ARRAY is an independent distribution company launched by film maker and former publicist Ava DuVernay in 2011 under the name African-American Film Festival Releasing Movement (AFFRM). In 2015, the company rebranded itself as ARRAY.

History
DuVernay launched the company in 2010 after her debut feature film I Will Follow failed to acquire distribution. ARRAY has stated that its mission is to “produce, distribute and amplify work from Black artists, filmmakers of color and women of all kinds.”

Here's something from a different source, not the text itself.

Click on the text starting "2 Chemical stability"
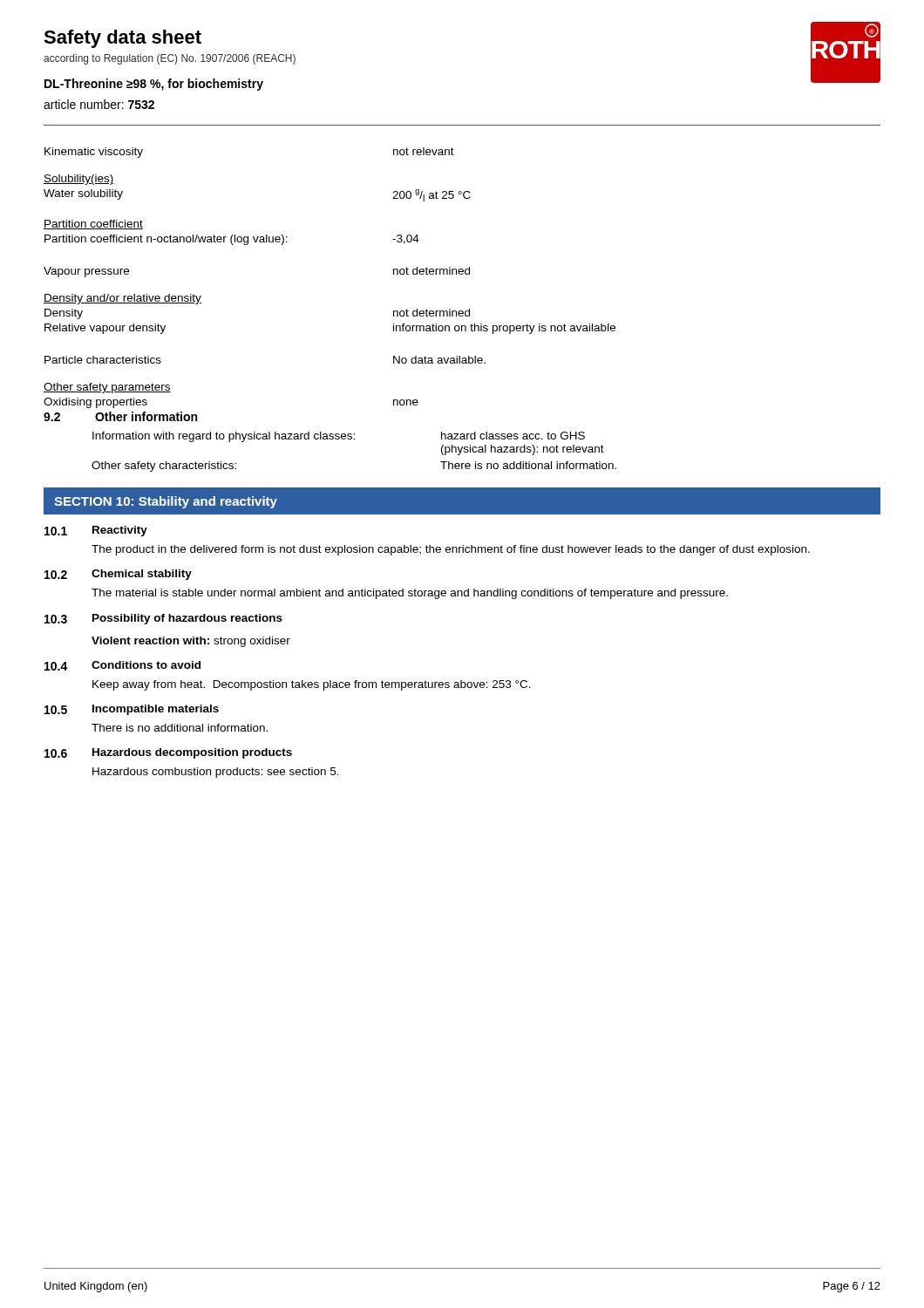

In May 2015, DuVernay held a 12-hour Rebel-a-thon on Twitter to raise funds for the company. For 12 hours black directors like Ryan Coogler, John Singleton, Gina Prince-Bythewood, Tina Mabry, Julie Dash and more answered questions from the general public in order to raise awareness for ARRAY and encourage people to donate funds. Actors Thandiwe Newton, Kerry Washington and Jessica Chastain were among those who made substantial donations to the company.

In 2016 ARRAY signed a deal partnering with Netflix to distribute their films online. Since 2016 all ARRAY films have appeared exclusively on Netflix and stay on the platform for three years.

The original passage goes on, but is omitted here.